Pharmacovigilance in Latin America: challenges and synergistic partnerships between regulators, industry associations and marketing authorization holders towards a harmonized and robust PV system in the region

The PV regulatory landscape has been changing in LATAM in the past 10 years. While this is an important step towards access to safe and high quality medicines, there is a need for harmonization, as e.g. for ICSRs, the submission timelines for expedited reports can vary from 24 hours to 15 days and from local format and language to English CIOMS I. This divergence hinders efficiency, exchange of information among regulators and proactive safety science. By seeking harmonisation and ensuring all stakeholders are aligned, we can advance the culture of pharmacovigilance in Latin America.

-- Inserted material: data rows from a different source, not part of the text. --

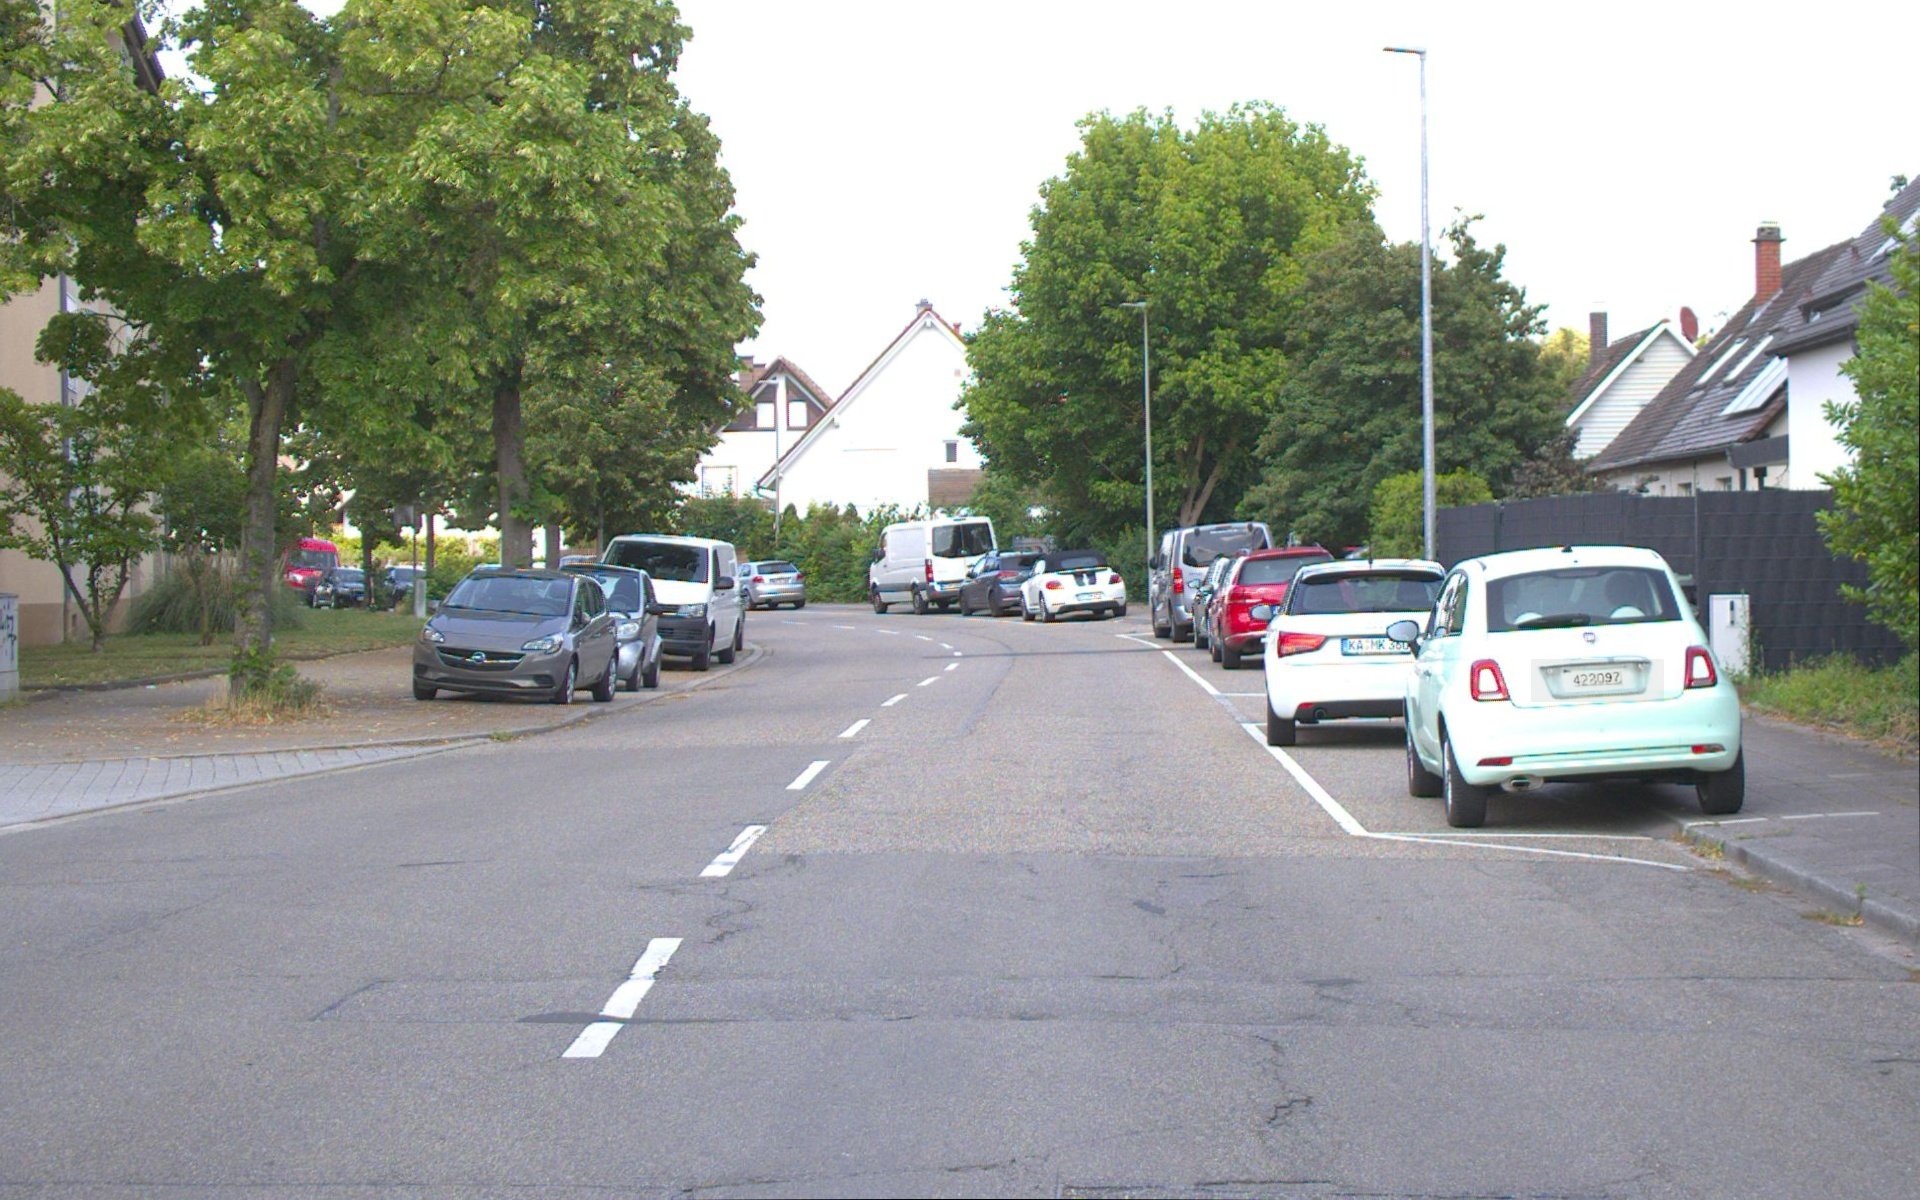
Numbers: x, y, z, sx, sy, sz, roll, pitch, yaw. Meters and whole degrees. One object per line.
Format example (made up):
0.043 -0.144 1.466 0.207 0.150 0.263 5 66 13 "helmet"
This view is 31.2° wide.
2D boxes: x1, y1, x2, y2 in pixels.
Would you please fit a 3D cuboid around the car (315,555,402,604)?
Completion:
-19.296 -0.648 110.224 1.786 1.452 4.436 2 -1 -22 "car"

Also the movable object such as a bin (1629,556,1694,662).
7.012 0.085 34.379 0.516 1.035 0.630 -1 1 2 "movable object such as a bin"

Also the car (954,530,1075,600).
1.261 -0.829 81.304 1.717 1.580 4.125 -2 1 -15 "car"

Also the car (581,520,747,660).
-4.445 -0.205 52.357 1.879 2.002 5.322 1 1 2 "car"

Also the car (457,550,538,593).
-17.209 -1.069 127.716 1.794 1.518 3.974 -2 1 -26 "car"

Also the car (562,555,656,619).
-8.128 -0.314 79.362 1.836 1.434 4.092 1 1 -10 "car"

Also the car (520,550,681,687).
-4.573 0.199 44.159 1.517 1.544 3.755 4 2 1 "car"

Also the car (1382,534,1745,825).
3.457 0.390 20.270 1.581 1.515 3.755 -1 1 2 "car"

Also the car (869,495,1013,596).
-0.543 -1.387 87.493 2.117 2.432 5.896 -2 1 -16 "car"

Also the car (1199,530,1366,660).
4.174 -0.113 45.122 1.850 1.574 4.732 -1 1 2 "car"

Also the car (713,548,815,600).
-5.825 -0.772 101.803 1.737 1.452 4.366 -2 1 -21 "car"

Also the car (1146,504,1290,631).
4.320 -0.569 58.176 1.842 1.938 4.876 -4 1 -1 "car"

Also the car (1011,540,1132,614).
2.378 -0.523 74.447 1.739 1.507 4.460 -2 1 -9 "car"

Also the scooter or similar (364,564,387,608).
-15.512 -0.375 91.207 0.419 1.161 1.141 -1 1 -20 "scooter or similar"

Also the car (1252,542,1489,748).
3.231 0.306 27.524 1.721 1.481 3.748 -1 1 5 "car"

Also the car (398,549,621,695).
-4.904 0.234 37.869 1.684 1.481 3.983 1 0 3 "car"

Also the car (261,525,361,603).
-21.985 -1.234 116.309 2.063 2.492 5.842 2 0 -22 "car"
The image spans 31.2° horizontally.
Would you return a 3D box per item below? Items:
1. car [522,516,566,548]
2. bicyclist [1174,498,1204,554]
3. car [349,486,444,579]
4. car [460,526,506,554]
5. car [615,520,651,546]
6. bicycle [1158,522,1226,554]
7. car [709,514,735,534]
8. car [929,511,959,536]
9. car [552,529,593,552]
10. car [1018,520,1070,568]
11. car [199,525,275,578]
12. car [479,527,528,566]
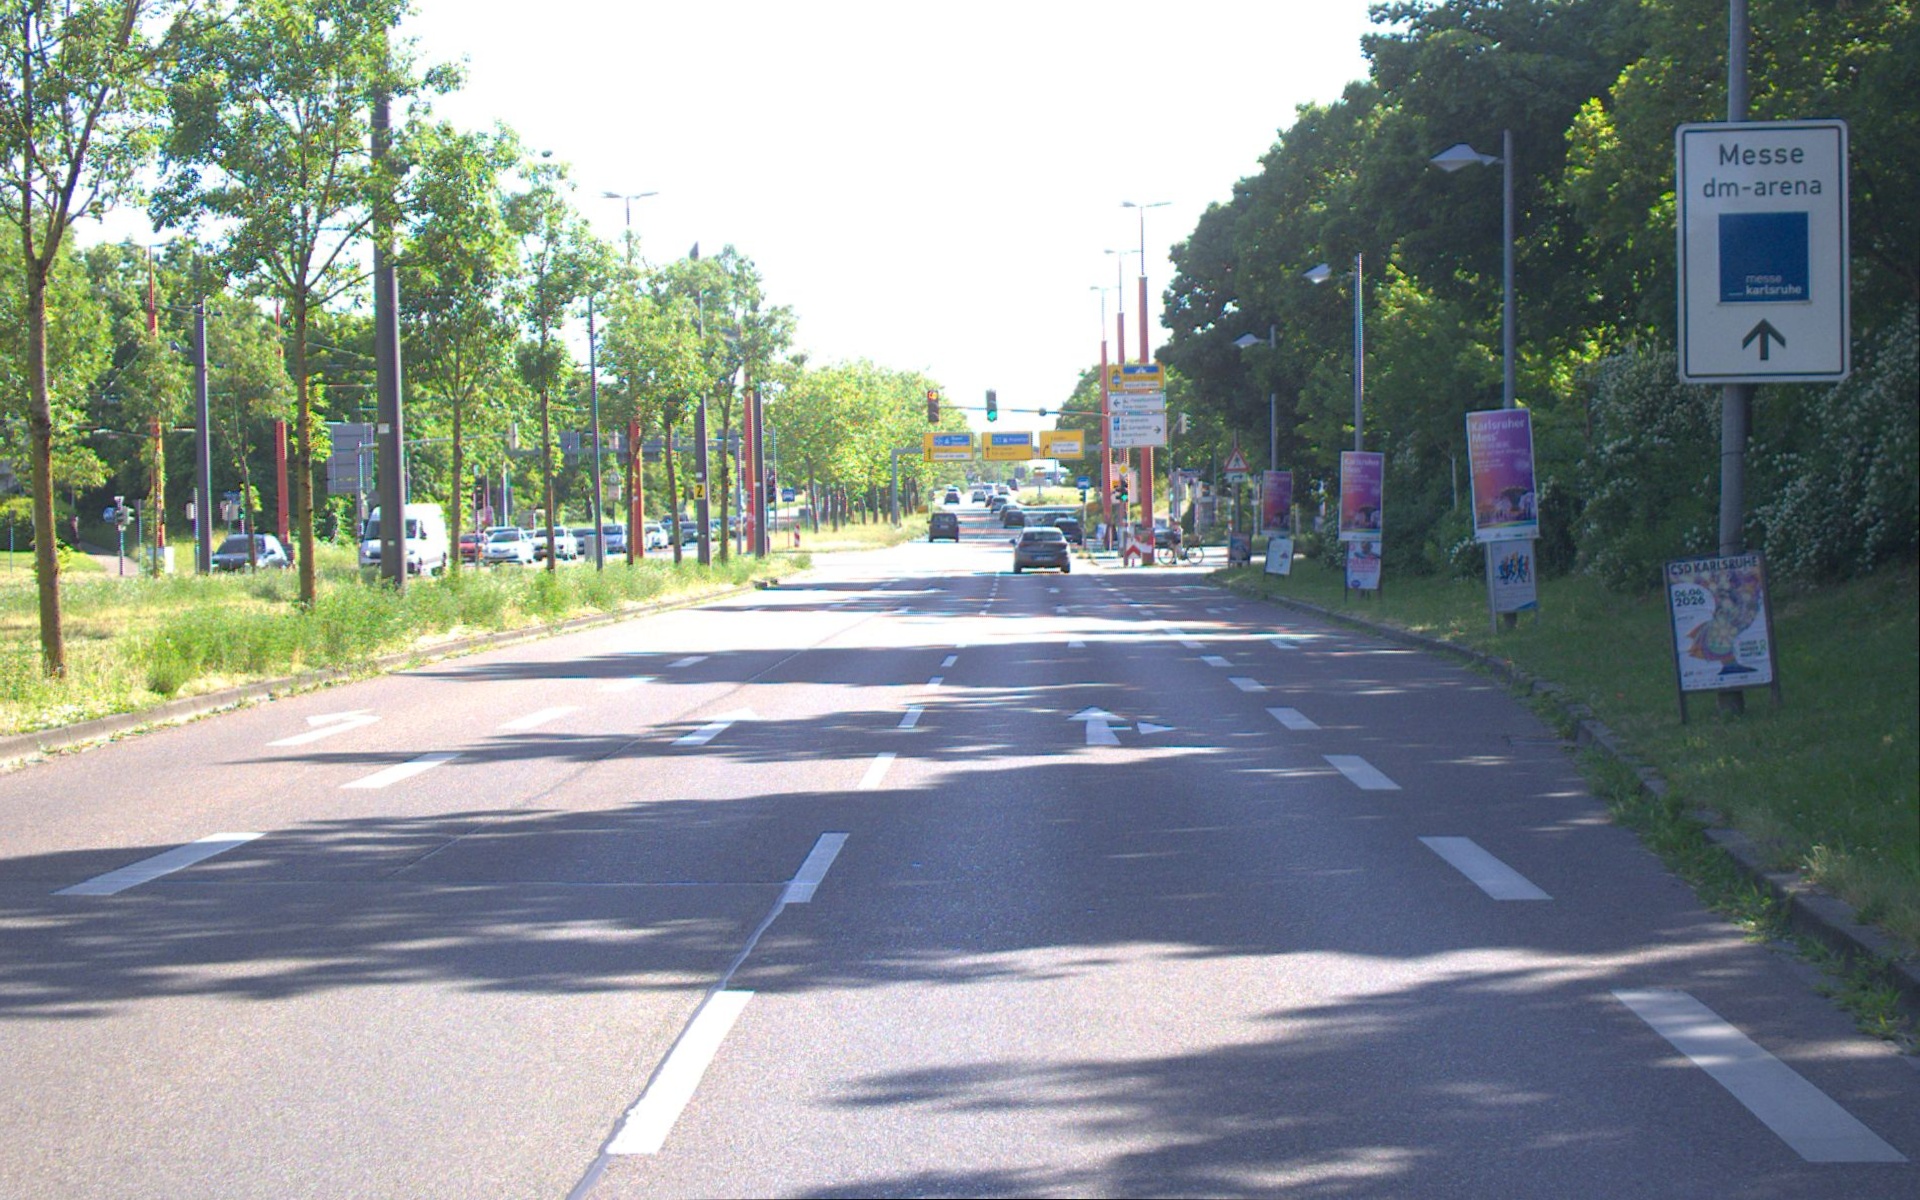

In LATAM, the collaboration between regulators, trade associations and industry has been essential to 1) raise awareness on the diverse PV requirements among the countries (1) and the impacts and risks of such diversity to patients, regulators and industry (2) and 2) enable partnerships for capability building and more resource-efficient processes. Some initiatives on this are: a) PAHO Initiative for the joint evaluation of PSURs, RMPs, and PBRERs by NRAs, b) 6th ISoP-UMC PV training and c) RMP expert meeting organized by the Mexican Association of Pharmaceutical Research Industries (AMIIF), d) EFPIA SiGiR support for E2B implementation, e) Vigilantia (3)

1 Work developed by Sindusfarma LATAM working group
2 In-progress work being performed by EFPIA International Pharmacovigilance Group (EFPIA IPVG) LATAM working group
3 Work developed by FIFARMA

About the speaker
Renata Yoshida Shihomatsu

Renata Yoshida is a Pharm D and works as the Head of International Pharmacovigilance for Latin America at Roche. Renata has 17 years’ industry experience, 14 of which in several Pharmacovigilance roles at Abbott, Novartis and Roche. Her areas of expertise are the LATAM PV systems and strengthening of PV systems in the region. In her belief that everyone has a role to play in ensuring patient safety, she has been working for the harmonization of the PV regulations as a member of PV groups in external associations (EFPIA International Pharmacovigilance LATAM group and Sindusfarma), as well as advocating for public PV education and effective safety communications.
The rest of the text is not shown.